▶ WHAT YOU HAVE TO DO
Each record that comes next should be output exactly; pictures do not belong in the copy.
= = = = = = =
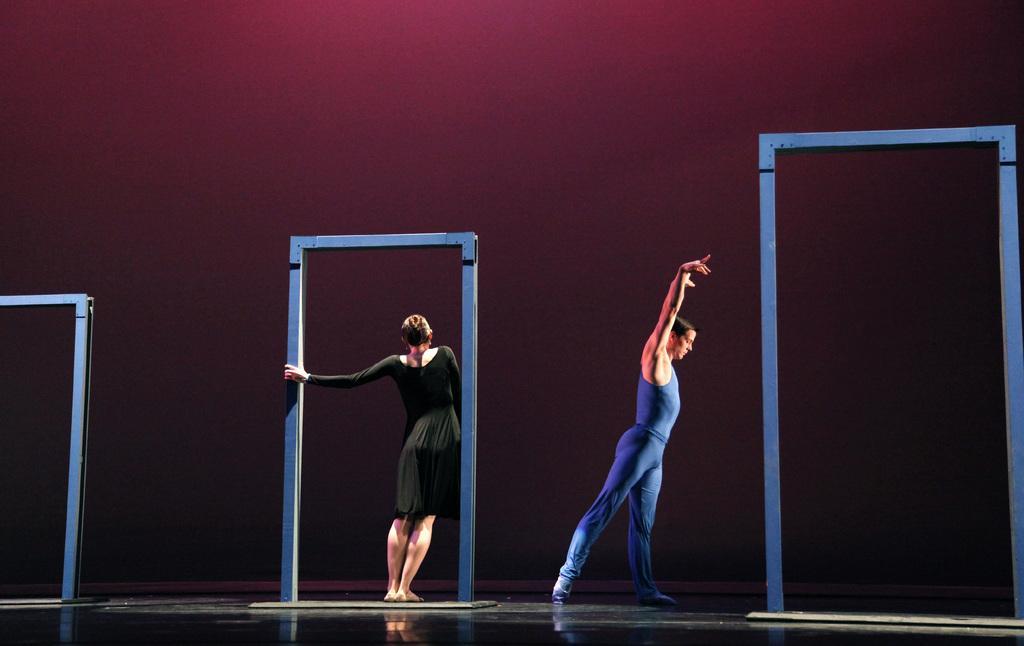In one or two sentences, can you explain what this image depicts? In this image we can see two people are dancing and also we can see some other objects, in the background, we can see the wall. 
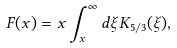<formula> <loc_0><loc_0><loc_500><loc_500>F ( x ) = x \int _ { x } ^ { \infty } d \xi K _ { 5 / 3 } ( \xi ) ,</formula> 
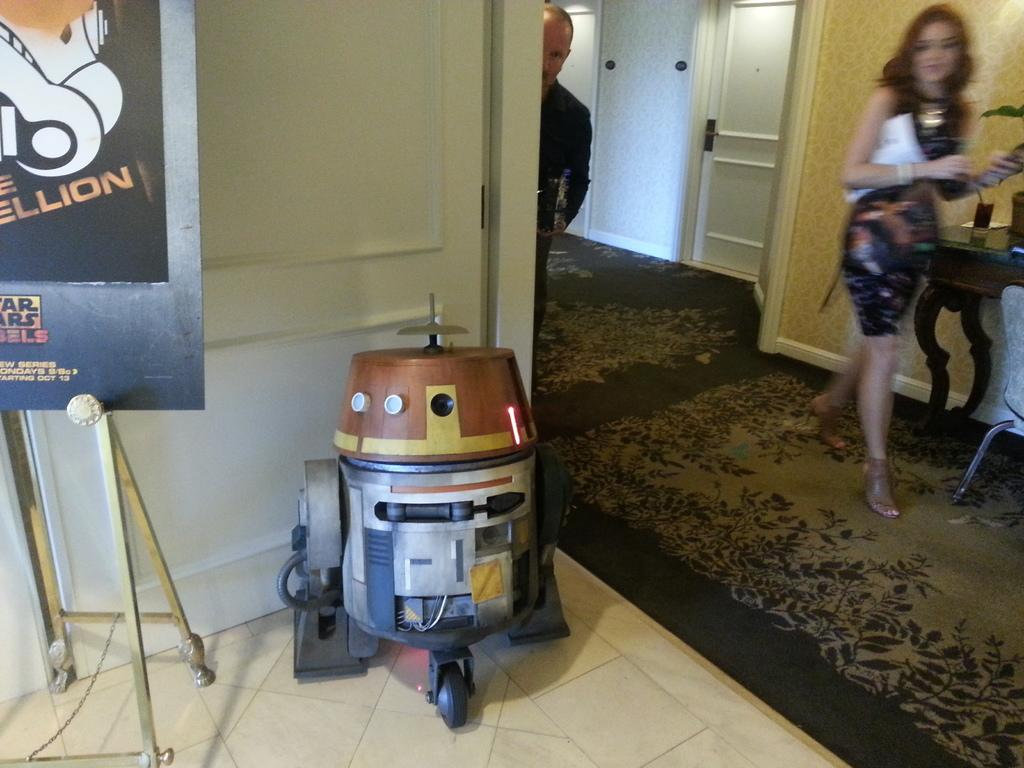<image>
Give a short and clear explanation of the subsequent image. a little robot next to a star wars sign 
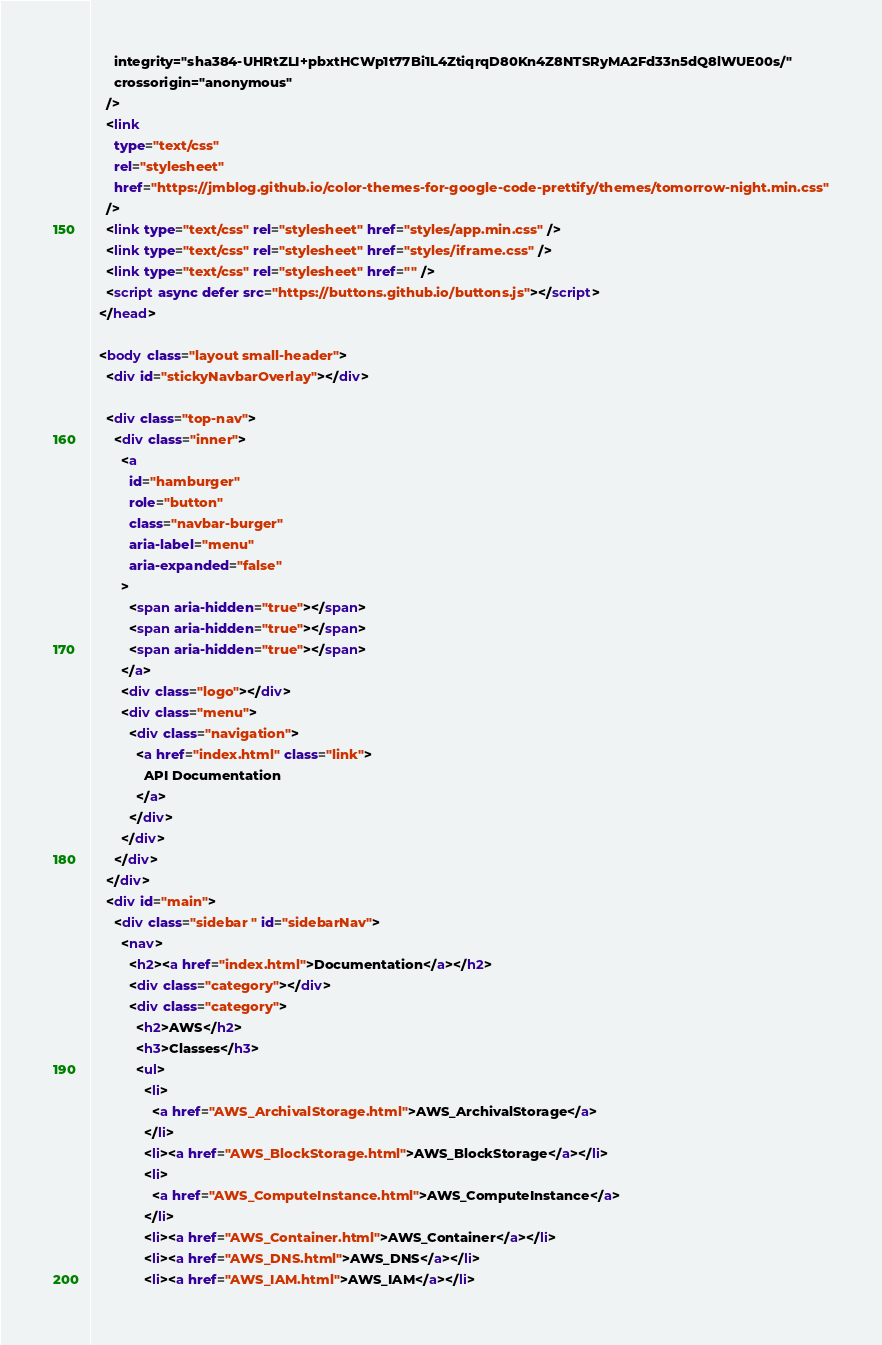<code> <loc_0><loc_0><loc_500><loc_500><_HTML_>      integrity="sha384-UHRtZLI+pbxtHCWp1t77Bi1L4ZtiqrqD80Kn4Z8NTSRyMA2Fd33n5dQ8lWUE00s/"
      crossorigin="anonymous"
    />
    <link
      type="text/css"
      rel="stylesheet"
      href="https://jmblog.github.io/color-themes-for-google-code-prettify/themes/tomorrow-night.min.css"
    />
    <link type="text/css" rel="stylesheet" href="styles/app.min.css" />
    <link type="text/css" rel="stylesheet" href="styles/iframe.css" />
    <link type="text/css" rel="stylesheet" href="" />
    <script async defer src="https://buttons.github.io/buttons.js"></script>
  </head>

  <body class="layout small-header">
    <div id="stickyNavbarOverlay"></div>

    <div class="top-nav">
      <div class="inner">
        <a
          id="hamburger"
          role="button"
          class="navbar-burger"
          aria-label="menu"
          aria-expanded="false"
        >
          <span aria-hidden="true"></span>
          <span aria-hidden="true"></span>
          <span aria-hidden="true"></span>
        </a>
        <div class="logo"></div>
        <div class="menu">
          <div class="navigation">
            <a href="index.html" class="link">
              API Documentation
            </a>
          </div>
        </div>
      </div>
    </div>
    <div id="main">
      <div class="sidebar " id="sidebarNav">
        <nav>
          <h2><a href="index.html">Documentation</a></h2>
          <div class="category"></div>
          <div class="category">
            <h2>AWS</h2>
            <h3>Classes</h3>
            <ul>
              <li>
                <a href="AWS_ArchivalStorage.html">AWS_ArchivalStorage</a>
              </li>
              <li><a href="AWS_BlockStorage.html">AWS_BlockStorage</a></li>
              <li>
                <a href="AWS_ComputeInstance.html">AWS_ComputeInstance</a>
              </li>
              <li><a href="AWS_Container.html">AWS_Container</a></li>
              <li><a href="AWS_DNS.html">AWS_DNS</a></li>
              <li><a href="AWS_IAM.html">AWS_IAM</a></li></code> 
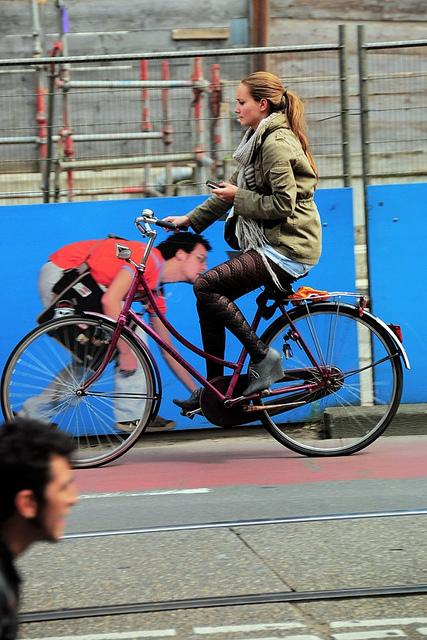What does the object use to speed?

Choices:
A) gas
B) gears
C) engine
D) fire gears
= = = = = = =
▶ FINISHED TASK
In one or two sentences, can you explain what this image depicts? In this image we can see two people are dancing and also we can see some other objects, in the background, we can see the wall. 
<formula> <loc_0><loc_0><loc_500><loc_500>F ( x ) = x \int _ { x } ^ { \infty } d \xi K _ { 5 / 3 } ( \xi ) ,</formula> 
<image>
Give a short and clear explanation of the subsequent image. a little robot next to a star wars sign 
<code> <loc_0><loc_0><loc_500><loc_500><_HTML_>      integrity="sha384-UHRtZLI+pbxtHCWp1t77Bi1L4ZtiqrqD80Kn4Z8NTSRyMA2Fd33n5dQ8lWUE00s/"
      crossorigin="anonymous"
    />
    <link
      type="text/css"
      rel="stylesheet"
      href="https://jmblog.github.io/color-themes-for-google-code-prettify/themes/tomorrow-night.min.css"
    />
    <link type="text/css" rel="stylesheet" href="styles/app.min.css" />
    <link type="text/css" rel="stylesheet" href="styles/iframe.css" />
    <link type="text/css" rel="stylesheet" href="" />
    <script async defer src="https://buttons.github.io/buttons.js"></script>
  </head>

  <body class="layout small-header">
    <div id="stickyNavbarOverlay"></div>

    <div class="top-nav">
      <div class="inner">
        <a
          id="hamburger"
          role="button"
          class="navbar-burger"
          aria-label="menu"
          aria-expanded="false"
        >
          <span aria-hidden="true"></span>
          <span aria-hidden="true"></span>
          <span aria-hidden="true"></span>
        </a>
        <div class="logo"></div>
        <div class="menu">
          <div class="navigation">
            <a href="index.html" class="link">
              API Documentation
            </a>
          </div>
        </div>
      </div>
    </div>
    <div id="main">
      <div class="sidebar " id="sidebarNav">
        <nav>
          <h2><a href="index.html">Documentation</a></h2>
          <div class="category"></div>
          <div class="category">
            <h2>AWS</h2>
            <h3>Classes</h3>
            <ul>
              <li>
                <a href="AWS_ArchivalStorage.html">AWS_ArchivalStorage</a>
              </li>
              <li><a href="AWS_BlockStorage.html">AWS_BlockStorage</a></li>
              <li>
                <a href="AWS_ComputeInstance.html">AWS_ComputeInstance</a>
              </li>
              <li><a href="AWS_Container.html">AWS_Container</a></li>
              <li><a href="AWS_DNS.html">AWS_DNS</a></li>
              <li><a href="AWS_IAM.html">AWS_IAM</a></li></code> 
What does the object use to speed?

Choices:
A) gas
B) gears
C) engine
D) fire gears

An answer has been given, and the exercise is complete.